Finding suitable locations for in-stream wetland creation/restoration: comparing suitability analysis with machine learning approach

Wetlands are critical nature-based solutions (NbS) for addressing environmental challenges, playing an important role in sediment and nutrient retention, agricultural runoff mitigation, and carbon storage, contributing to climate change adaptation. However, agricultural intensification and land conversion have drastically reduced wetland coverage globally, necessitating the precise selection of sites for restoration/creation. Depending on fieldwork and expert judgment, traditional methods often struggle to scale effectively, highlighting the need for advanced geospatial techniques.

This study compares two approaches for in-stream wetland site selection, the Analytic Hierarchy Process (AHP) and the machine learning Random Forest (RF) algorithm, within the diverse hydrological landscape of Estonia. Both methods utilized environmental variables, including slope, topographic wetness index (TWI), flow accumulation, soil organic carbon (SOC), and clay content, to evaluate their influence on hydrological and soil conditions critical for determining suitable sites for in-stream wetland creation and restoration. These variables were selected for their ability to capture the key factors that drive wetland formation and functionality.

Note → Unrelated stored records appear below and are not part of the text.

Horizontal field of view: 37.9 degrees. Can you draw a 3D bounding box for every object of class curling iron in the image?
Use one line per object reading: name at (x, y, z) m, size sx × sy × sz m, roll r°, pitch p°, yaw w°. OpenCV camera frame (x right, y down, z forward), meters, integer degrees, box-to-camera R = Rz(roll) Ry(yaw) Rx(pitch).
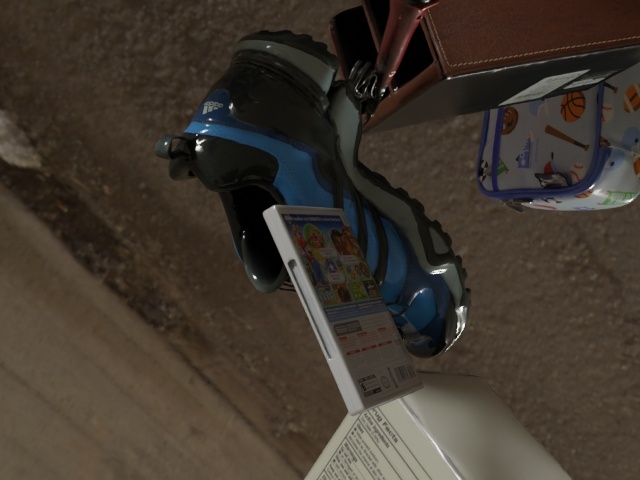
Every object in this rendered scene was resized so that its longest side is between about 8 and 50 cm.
curling iron at (0.063, -0.168, 0.679) m, size 0.035 × 0.068 × 0.274 m, roll 30°, pitch 149°, yaw 0°

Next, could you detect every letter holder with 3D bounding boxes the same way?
letter holder at (0.164, -0.247, 0.892) m, size 0.152 × 0.301 × 0.214 m, roll -27°, pitch 79°, yaw 61°

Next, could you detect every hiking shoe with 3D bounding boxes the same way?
hiking shoe at (0.000, 0.000, 0.675) m, size 0.113 × 0.132 × 0.304 m, roll 9°, pitch 144°, yaw 50°

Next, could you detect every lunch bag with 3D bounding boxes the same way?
lunch bag at (0.299, -0.179, 1.165) m, size 0.115 × 0.303 × 0.243 m, roll 10°, pitch 177°, yaw -31°

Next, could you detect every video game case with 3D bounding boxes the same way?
video game case at (0.015, 0.036, 0.537) m, size 0.011 × 0.087 × 0.122 m, roll -29°, pitch 77°, yaw 25°

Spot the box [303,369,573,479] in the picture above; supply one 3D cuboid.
box at (0.065, 0.231, 0.705) m, size 0.126 × 0.149 × 0.232 m, roll 11°, pitch 119°, yaw -42°

Geospatial datasets, including local and global environmental variables, were processed at 10- and 50-meter resolutions to analyze how spatial resolution influences model performance, providing high-detail insights for localized assessments and broader, regional-scale perspectives.

The AHP framework integrates expert knowledge to prioritize variables, while the RF algorithm provides a data-driven, scalable alternative. The RF model was trained using data from existing wetlands, which were identified based on geospatial datasets and intersected with stream networks, channels, ditches, and rivers to focus on areas directly connected to water flow. Training points were randomly sampled within these wetlands to represent suitable areas. In contrast, points from non-wetland areas, such as forests, shrublands, grasslands, and arable land, were sampled to represent unsuitable areas. This approach ensured that the training data captured the variability of environmental conditions influencing wetland suitability

Validation was conducted using a historical map to evaluate model accuracy and reliability across varying scales and data conditions. Results indicate that the RF algorithm outperformed AHP in predictive performance, achieving an accuracy of approximately 0.8 at broader resolutions and slightly lower accuracy at finer resolutions. This underscores the influence of spatial resolution on model performance. However, AHP underscored the importance of structured decision-making and stakeholder input, ensuring practical applicability. This research advances the integration of NbS into wetland planning, bridging traditional expertise-driven methods and machine learning innovations to enhance precision, scalability, and cost-effectiveness.